From the start, the biggest obstacle to the creation of a compliant, pro-American regime in Iraq has been the fact that the Shias, who make up about 60 per cent of Iraq's population, could elect a majority government that could, and probably would, defy U.S. wishes if they voted as a bloc. Moreover, senior Shia clerics command great respect in the community, making it much likelier that the Shia would indeed vote en bloc. So, elections were too risky.
Retired general Jay Garner, the original choice as U.S. pro-consul in Iraq, was dismissed after a month because he called for early elections in Iraq: "The night after I got to Baghdad, (Defense Secretary Donald) Rumsfeld called me and told me he was appointing Paul Bremer as the presidential envoy. The announcement ... was somewhat abrupt."

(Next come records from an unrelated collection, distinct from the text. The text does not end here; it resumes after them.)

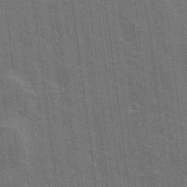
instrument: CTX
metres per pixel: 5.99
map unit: Nhu
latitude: 19.4804
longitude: -30.6869
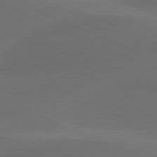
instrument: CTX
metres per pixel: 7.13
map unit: lApd
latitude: 80.5924
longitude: -82.8757
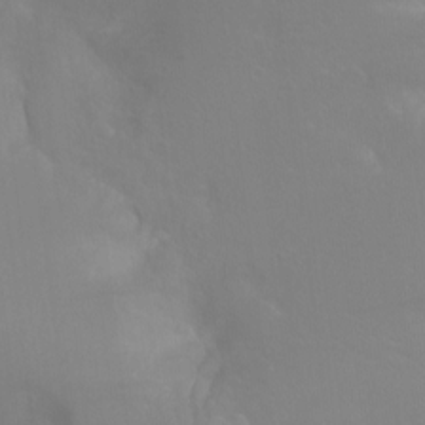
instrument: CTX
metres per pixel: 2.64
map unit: Hto
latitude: -8.6140
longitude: -45.7638
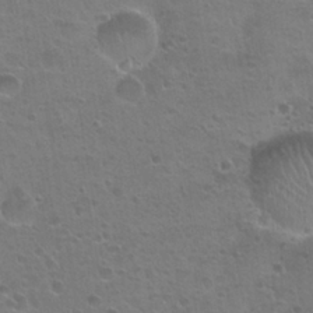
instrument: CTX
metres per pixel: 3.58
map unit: Hto
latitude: 24.2144
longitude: -51.4048
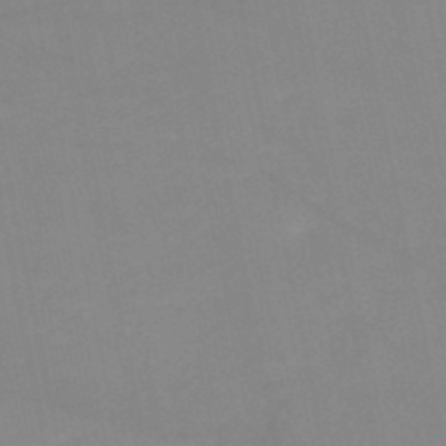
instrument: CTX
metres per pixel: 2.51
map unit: HNb
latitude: -49.6344
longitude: -40.3278
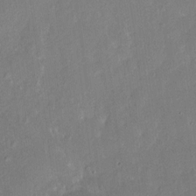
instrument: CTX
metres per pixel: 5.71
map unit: HNhu
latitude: 6.4790
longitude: 3.1809
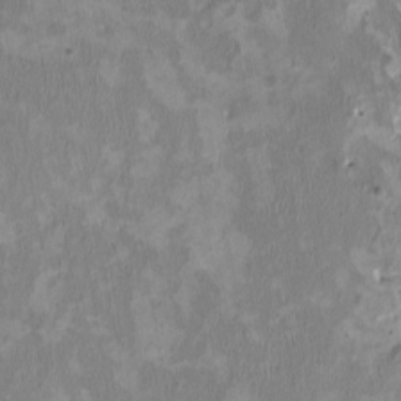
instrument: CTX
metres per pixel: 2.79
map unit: HNhu
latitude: 2.8191
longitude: -4.4979
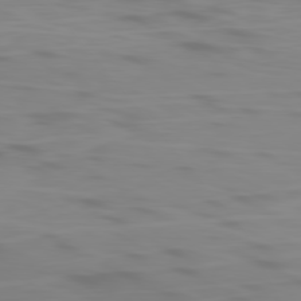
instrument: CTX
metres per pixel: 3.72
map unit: Ap
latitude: -80.1984
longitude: -70.8191
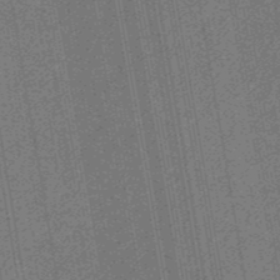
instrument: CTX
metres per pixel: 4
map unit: eHb
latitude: -30.7274
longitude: 70.6896
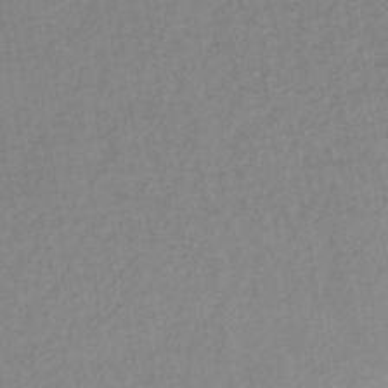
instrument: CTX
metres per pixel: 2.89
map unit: lHb
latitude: -36.3495
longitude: 71.2754
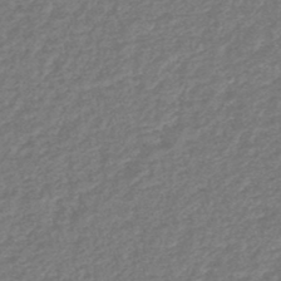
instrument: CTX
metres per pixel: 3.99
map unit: HNhu
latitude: -48.2362
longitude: 97.0865
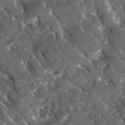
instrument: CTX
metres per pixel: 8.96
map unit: Ave
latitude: 15.9339
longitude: -131.4238
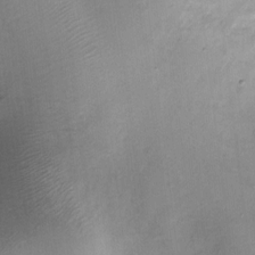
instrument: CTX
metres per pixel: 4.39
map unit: Nhu
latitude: 3.5182
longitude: -16.0633
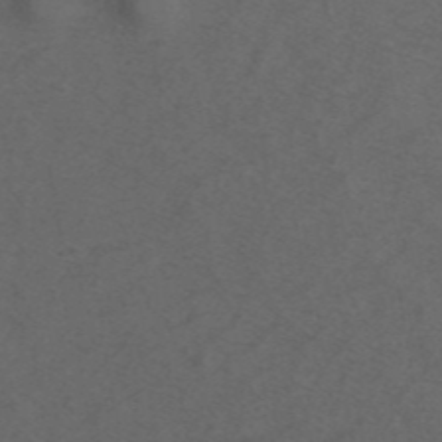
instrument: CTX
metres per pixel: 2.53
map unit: ANa
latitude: 44.0633
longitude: 27.3320
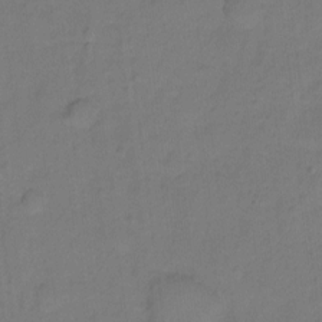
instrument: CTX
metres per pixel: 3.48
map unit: Hto
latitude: -2.2550
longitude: -34.3656
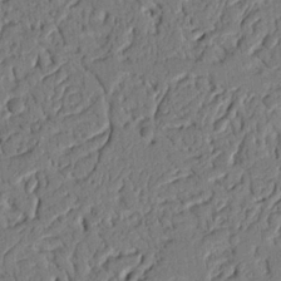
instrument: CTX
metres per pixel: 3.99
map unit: Nhu
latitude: 20.0822
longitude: -78.1389
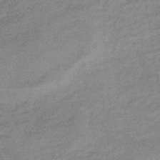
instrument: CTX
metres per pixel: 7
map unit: eHb
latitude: -44.0283
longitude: 88.4440
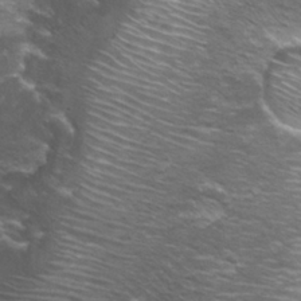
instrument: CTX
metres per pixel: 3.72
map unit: Hto
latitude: 22.4979
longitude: -31.5749
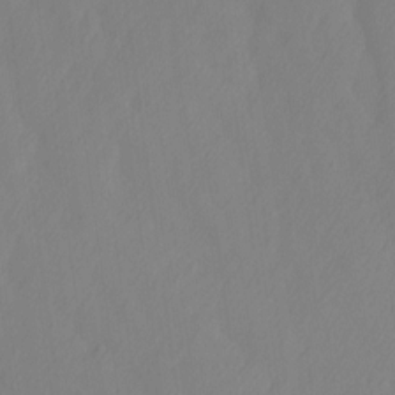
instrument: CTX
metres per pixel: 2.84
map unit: Ave
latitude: 13.3293
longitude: -105.8017
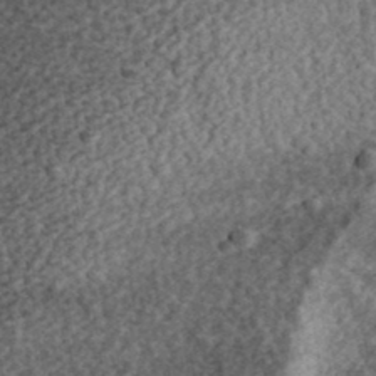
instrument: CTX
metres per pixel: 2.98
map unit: eHh
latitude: 37.3860
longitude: -79.2159
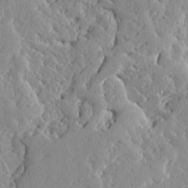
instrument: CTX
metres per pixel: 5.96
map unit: Ave
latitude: 13.2537
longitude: -133.8394
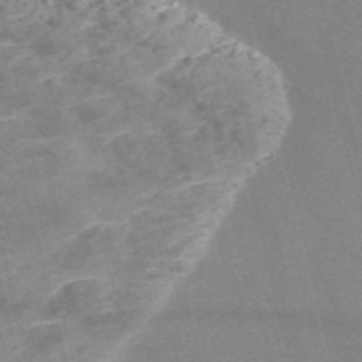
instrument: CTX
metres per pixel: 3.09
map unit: Nve
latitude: -57.0675
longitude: 51.1809
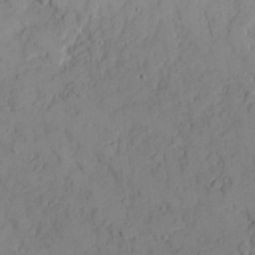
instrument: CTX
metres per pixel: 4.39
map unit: Ave
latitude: 18.5734
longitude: -128.8947
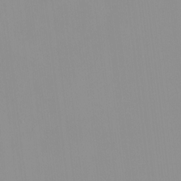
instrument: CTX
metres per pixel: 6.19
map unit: HNhu
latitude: -0.2551
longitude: -6.3656
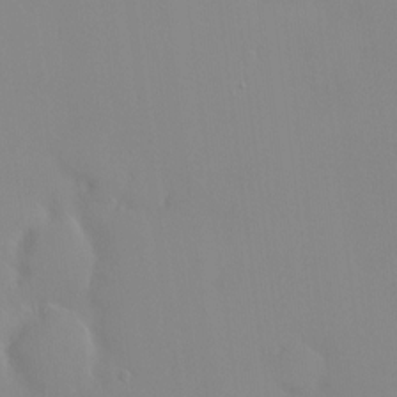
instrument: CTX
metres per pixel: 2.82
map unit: HNhu
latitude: 2.0444
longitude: 8.1417
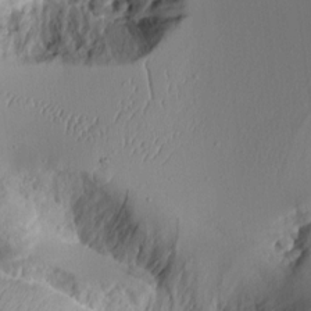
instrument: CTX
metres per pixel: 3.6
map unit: Aa
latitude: 10.3467
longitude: -126.3656
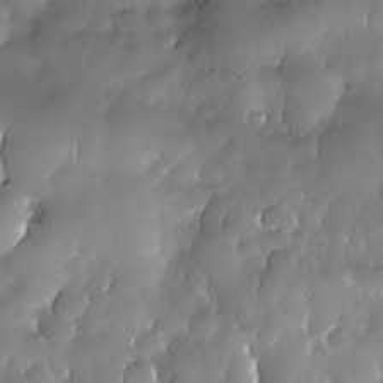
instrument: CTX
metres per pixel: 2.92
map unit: Nhe
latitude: -30.6518
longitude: -140.5356
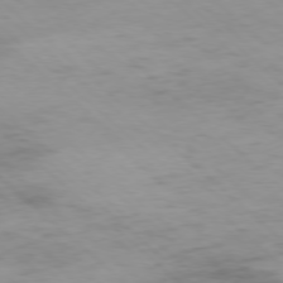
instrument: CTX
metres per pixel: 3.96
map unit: Ap
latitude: -77.8611
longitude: -90.3278
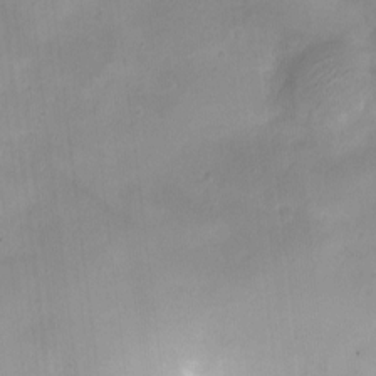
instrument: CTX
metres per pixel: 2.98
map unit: Ht
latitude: -5.5777
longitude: -20.9136
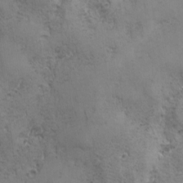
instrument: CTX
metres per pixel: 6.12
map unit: Ave
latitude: -7.1620
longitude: -120.2901
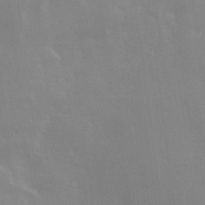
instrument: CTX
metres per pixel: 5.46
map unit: Ave
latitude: 13.6883
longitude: -103.7827
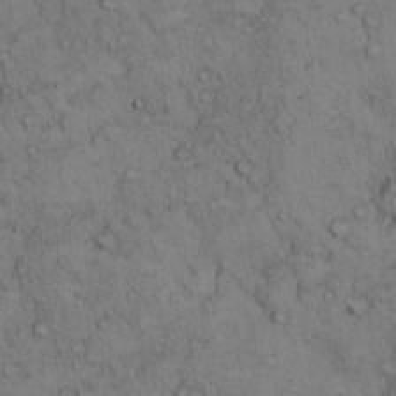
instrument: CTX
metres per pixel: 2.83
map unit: Hto
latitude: 11.7639
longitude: -58.7246
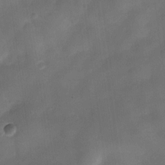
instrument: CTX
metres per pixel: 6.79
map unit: Nve
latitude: -26.8785
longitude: -148.1956
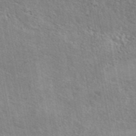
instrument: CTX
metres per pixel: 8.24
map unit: eAb
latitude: 42.8191
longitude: 113.6722
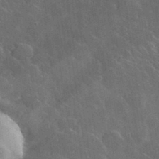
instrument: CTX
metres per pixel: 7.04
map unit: lHvf
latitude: 36.9136
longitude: -90.5168
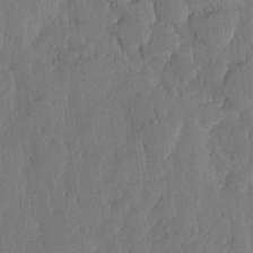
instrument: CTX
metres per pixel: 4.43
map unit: lHvf
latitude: 17.7828
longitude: -115.2536
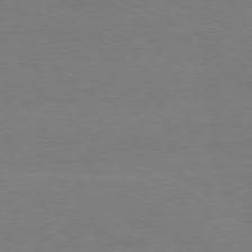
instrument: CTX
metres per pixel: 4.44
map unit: Ap
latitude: -80.8408
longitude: -60.1578
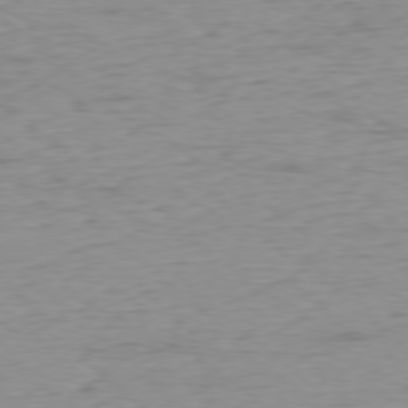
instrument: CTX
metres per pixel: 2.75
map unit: Ap
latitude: -78.0283
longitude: -87.6694
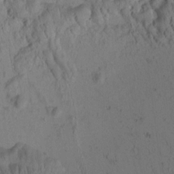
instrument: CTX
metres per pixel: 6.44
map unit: Htu
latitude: -3.7477
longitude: 172.9730
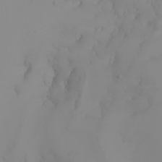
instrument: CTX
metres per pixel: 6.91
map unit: Nhu
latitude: -5.0108
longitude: -93.5560
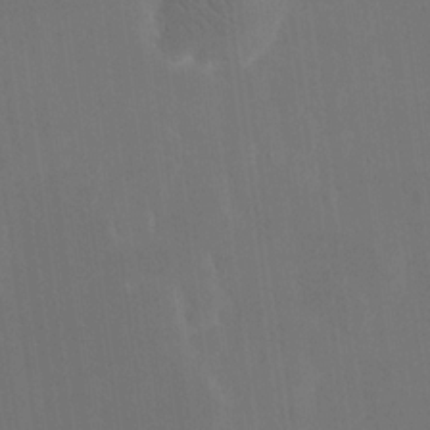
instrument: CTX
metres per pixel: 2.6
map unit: eHh
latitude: 19.4048
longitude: -67.6316
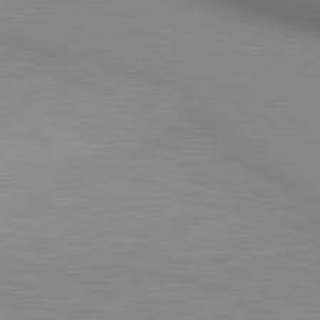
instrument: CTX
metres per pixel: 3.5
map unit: lApd
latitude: 80.4601
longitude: 131.8800
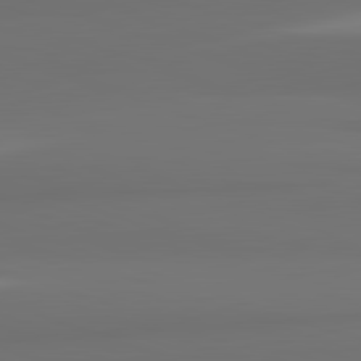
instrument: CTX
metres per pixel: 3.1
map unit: lApd
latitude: 82.6679
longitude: 166.6707
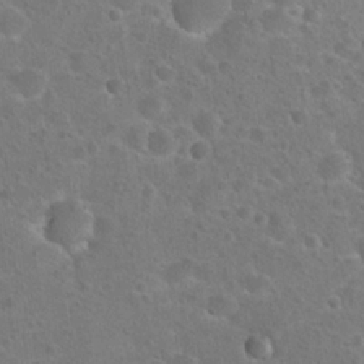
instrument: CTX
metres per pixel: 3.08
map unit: Hto
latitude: 22.1956
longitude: -48.7246
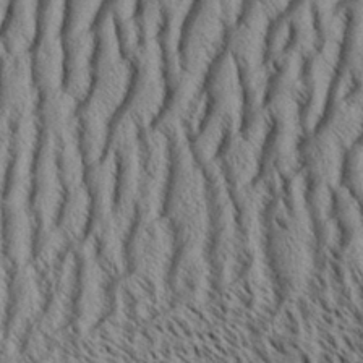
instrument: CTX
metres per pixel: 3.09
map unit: Aa
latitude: 33.3482
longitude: -137.1592
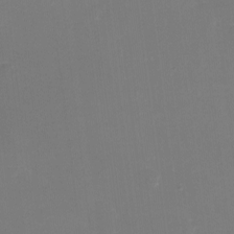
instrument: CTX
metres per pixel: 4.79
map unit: eHh
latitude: -6.5007
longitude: -78.2712
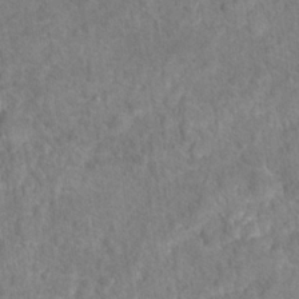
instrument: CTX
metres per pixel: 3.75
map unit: Hto
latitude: 17.1403
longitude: -41.8016
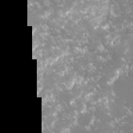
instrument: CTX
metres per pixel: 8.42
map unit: lHvf
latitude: -16.1228
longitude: -100.1956
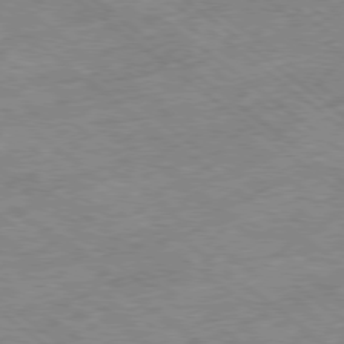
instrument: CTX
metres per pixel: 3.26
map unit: Ap
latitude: -79.0108
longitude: -48.3656
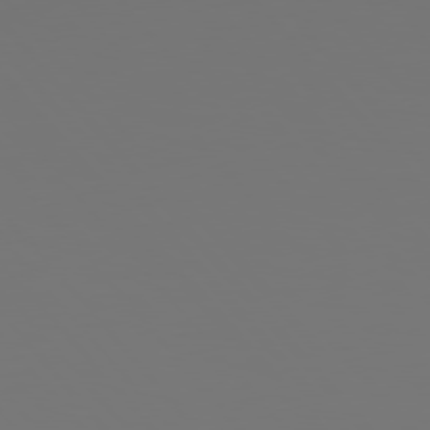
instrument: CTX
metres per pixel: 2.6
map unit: Hpe
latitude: 77.0836
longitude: -165.5749
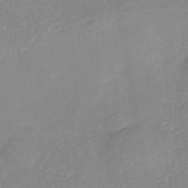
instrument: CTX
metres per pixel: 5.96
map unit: Nhe
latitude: -41.3887
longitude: -109.7638
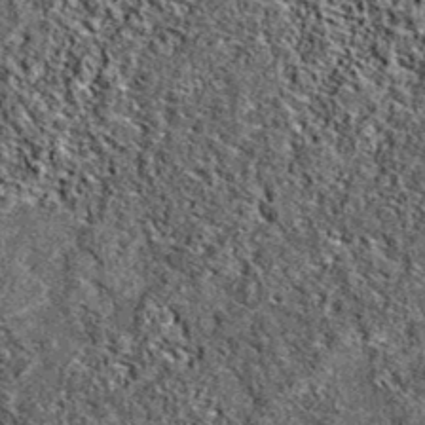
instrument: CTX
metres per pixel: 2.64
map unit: eAb
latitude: 38.6490
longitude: 106.0850
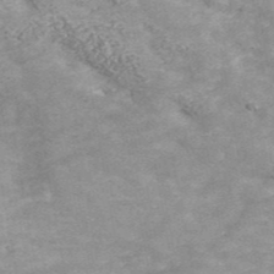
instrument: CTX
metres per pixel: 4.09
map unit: eHh
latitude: 43.6694
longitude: -89.8206
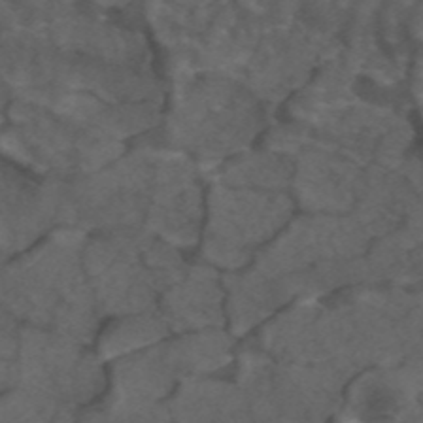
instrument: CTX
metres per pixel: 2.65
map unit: ANa
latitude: 44.0633
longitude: 26.8974
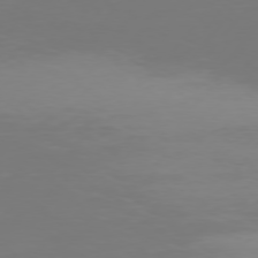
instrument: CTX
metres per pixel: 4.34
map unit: Hpe
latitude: 75.6127
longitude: -129.3104
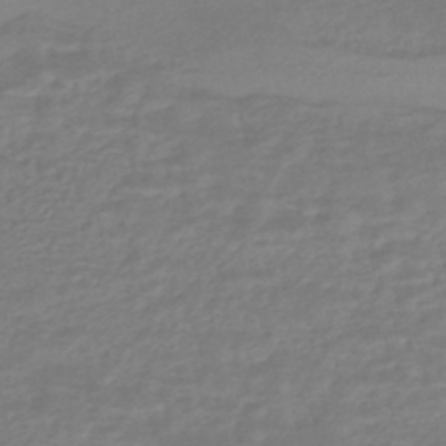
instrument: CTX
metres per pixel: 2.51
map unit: HNhu
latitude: -46.9730
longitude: 96.0094
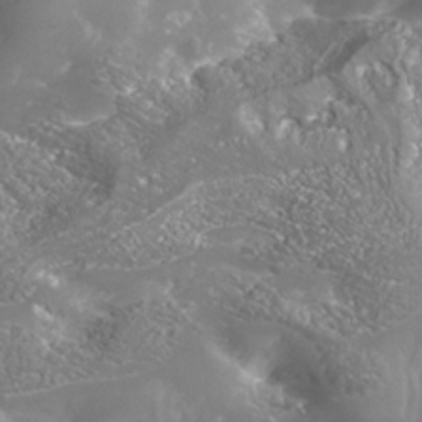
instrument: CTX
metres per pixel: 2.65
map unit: Nhe
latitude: -36.3117
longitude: -91.0836
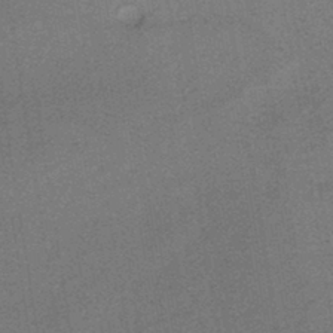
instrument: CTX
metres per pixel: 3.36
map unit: HNhu
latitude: -41.9178
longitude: 90.5574
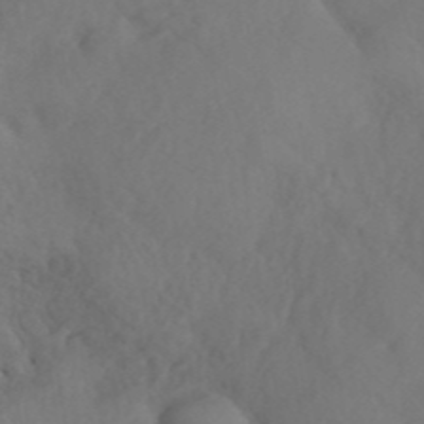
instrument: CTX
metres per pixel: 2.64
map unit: ANa
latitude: 41.5182
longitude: 54.1417
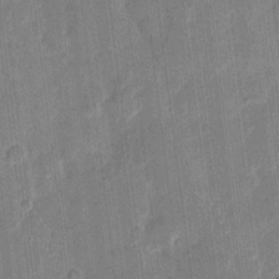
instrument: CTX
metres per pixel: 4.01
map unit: eHh
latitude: 11.3671
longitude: -66.1766
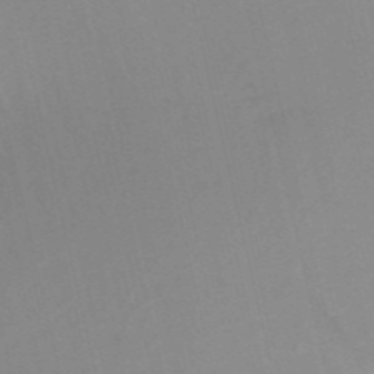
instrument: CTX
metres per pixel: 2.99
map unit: HNb
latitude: -54.8408
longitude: -45.5371
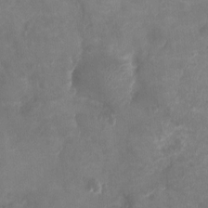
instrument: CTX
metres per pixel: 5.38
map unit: Ht
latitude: -3.1242
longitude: -20.0822
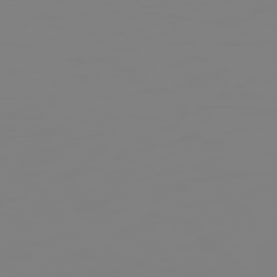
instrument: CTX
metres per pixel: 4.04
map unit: Hpe
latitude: 74.6113
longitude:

Rumsfeld was worried that an elected Iraqi government would resist mass privatization of the economy, but he was equally worried that such a government would be Shia-dominated, and insist on an Islamic state.
The problem was compounded by the fact that Washington's favorite ayatollah, Abdul Majid al-Khoei, was killed the day after Baghdad fell. Khoei had become a personal friend of British Prime Minister Tony Blair during his long exile in London, and had strong U.S. backing. But a mob hacked him to death in the Imam Ali mosque in Najaf on April 10, 2003, the day after he arrived, leaving the field open to less pro-American rivals.